In the above embodiment, a case in which direct-fired burners are used as the heating device in the oxidation heating zone in the oxidizing step has been described; however, the heating device is not limited thereto as long as the iron oxide layer is obtained. For example, indirect heating by means of an oxidizing atmosphere containing oxygen, moisture, and/or the like may be used as the heating device.

In the above embodiment, a case in which the production method of a hot-dip galvanized steel sheet includes the alloying treatment has been described; however, the alloying treatment is not an essential component and can be omitted.

Furthermore, in the above embodiment, a case in which the base steel sheet is obtained through the hot rolling step and the cold rolling step has been described; however, the process for obtaining a base steel sheet is not limited thereto, and for example, a steel sheet produced in advance may be used.

In the above embodiment, a case in which the annealing furnace is a vertical furnace has been described; however, a horizontal furnace can also be used in the production method of a hot-dip galvanized steel sheet.

In the above embodiment, a case in which the annealing furnace has the conveying path which connects the oxidation heating zone to the reduction heating zone has been described; however, the conveying path is not an essential component, and the oxidation heating zone may be directly connected to the reduction heating zone.

EXAMPLES

Hereinafter, the present invention will be described further in detail by way of Examples; however, the present invention is not limited to these Examples.

Confirmation of Composition of Iron Oxide Layer

A composition of the iron oxide layer formed in the oxidizing was confirmed.

Fabrication of Samples

A cast piece obtained by melting steel containing chemical components other than iron shown in Table 1 was processed by a hot rolling and a cold rolling to obtain a base steel sheet with an average thickness of 1.8 mm.
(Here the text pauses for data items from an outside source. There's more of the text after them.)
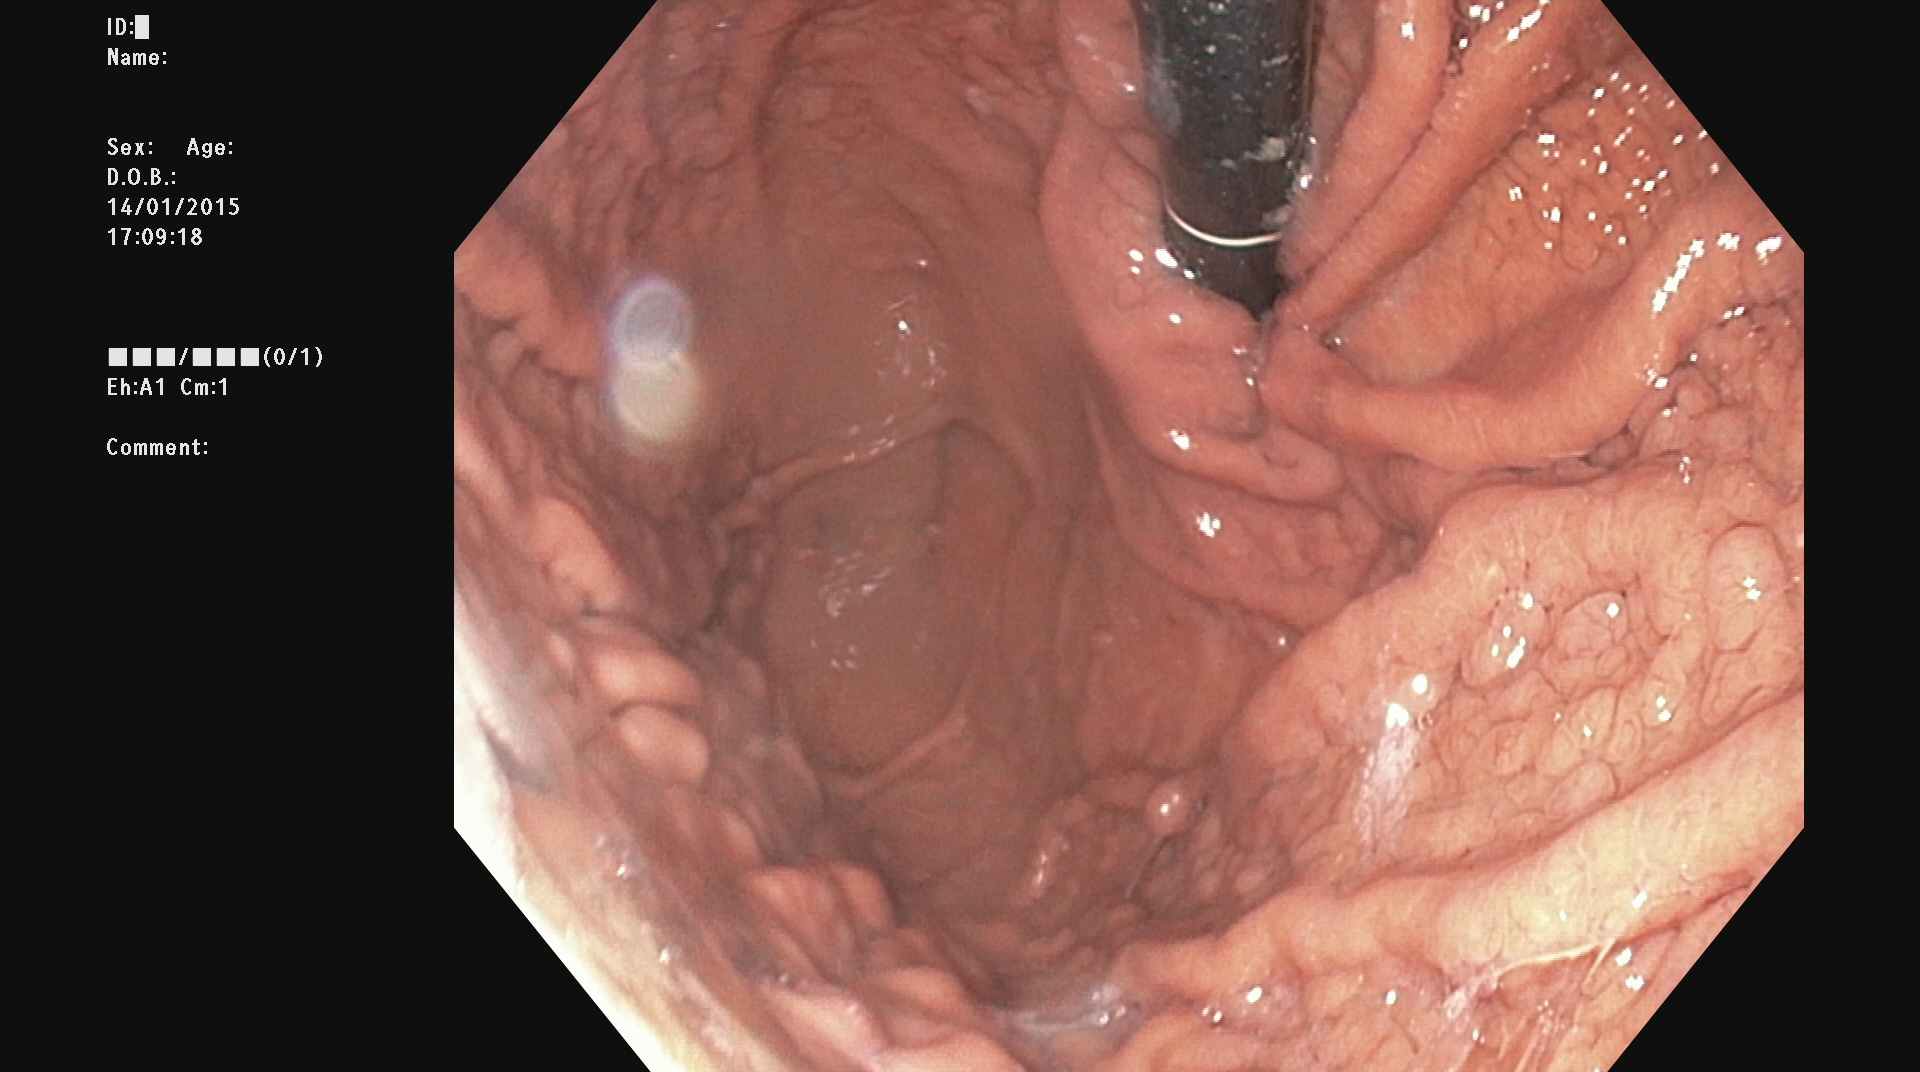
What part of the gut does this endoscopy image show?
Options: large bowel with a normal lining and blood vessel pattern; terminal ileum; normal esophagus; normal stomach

normal stomach
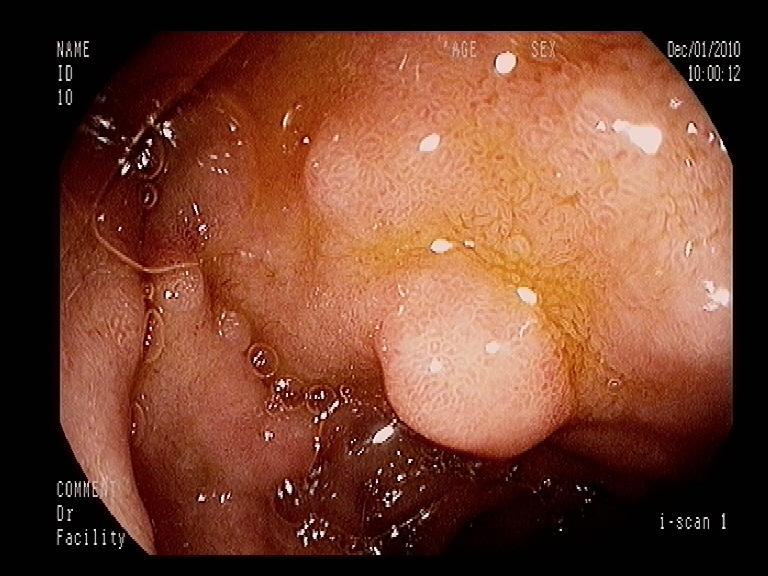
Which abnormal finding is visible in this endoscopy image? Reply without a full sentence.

colon polyp
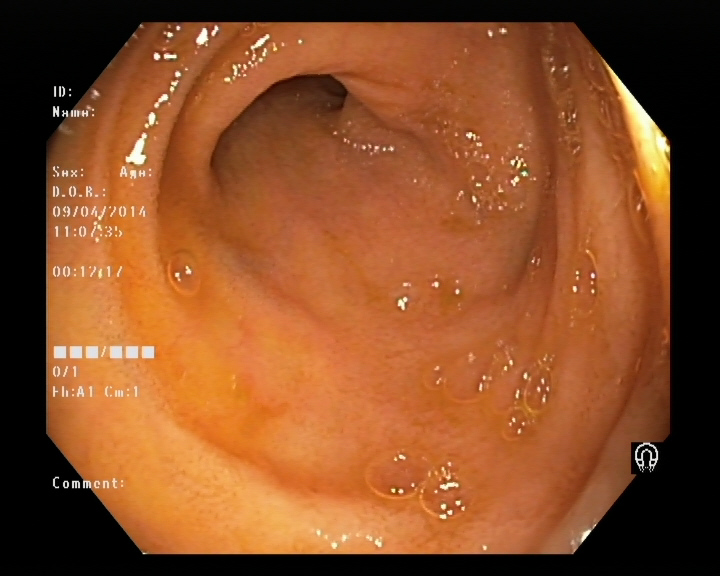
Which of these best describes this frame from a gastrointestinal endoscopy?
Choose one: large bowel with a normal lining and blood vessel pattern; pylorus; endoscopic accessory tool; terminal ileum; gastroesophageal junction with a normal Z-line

terminal ileum
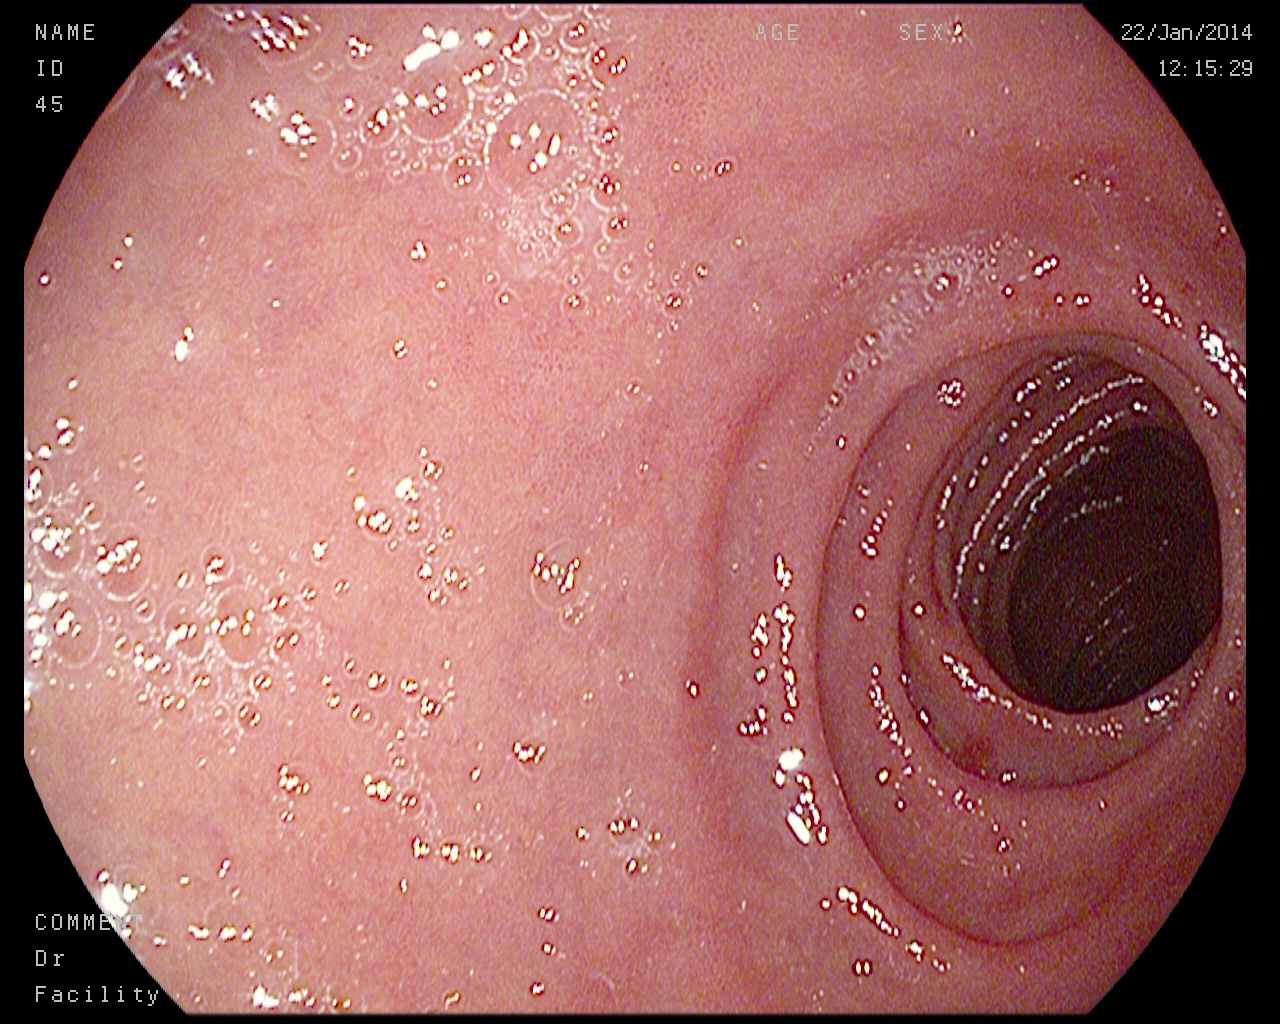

It is to be noted that the pickling conditions in the cold rolling were adjusted such that a grain boundary oxide layer with an average thickness of 10 μm was left.

TABLE 1 Element C Si Mn Al P S (% by (% by (% by (% by (% by (% by mass) mass) mass) mass) mass) mass) 0.185 2.02 2.62 0.04 0.010 0.001

An oxidizing using an annealing furnace with the direct-fired burners 12 illustrated in FIG. 3 was performed on the base steel sheet at oxidation temperatures T0 (temperatures at the outlet of the oxidation heating zone 2b) shown in Table 2 to obtain Samples No. 1 to No. 4. It is to be noted that in oxidation conditions, LNG was used as a combustion gas of the direct-fired burners 12; the air ratio was 1.1; and the rate of temperature rise was 37° C./sec. It is to be noted that to prevent further oxidation, cooling to a normal temperature was performed immediately after the oxidizing while a nitrogen gas was blown.

Evaluations

Phase compositions of the oxide layers on the steel sheet surfaces of the Samples No. 1 to No. 4 thus obtained were analyzed by an X-ray diffraction method. The results are as indicated in Table 2.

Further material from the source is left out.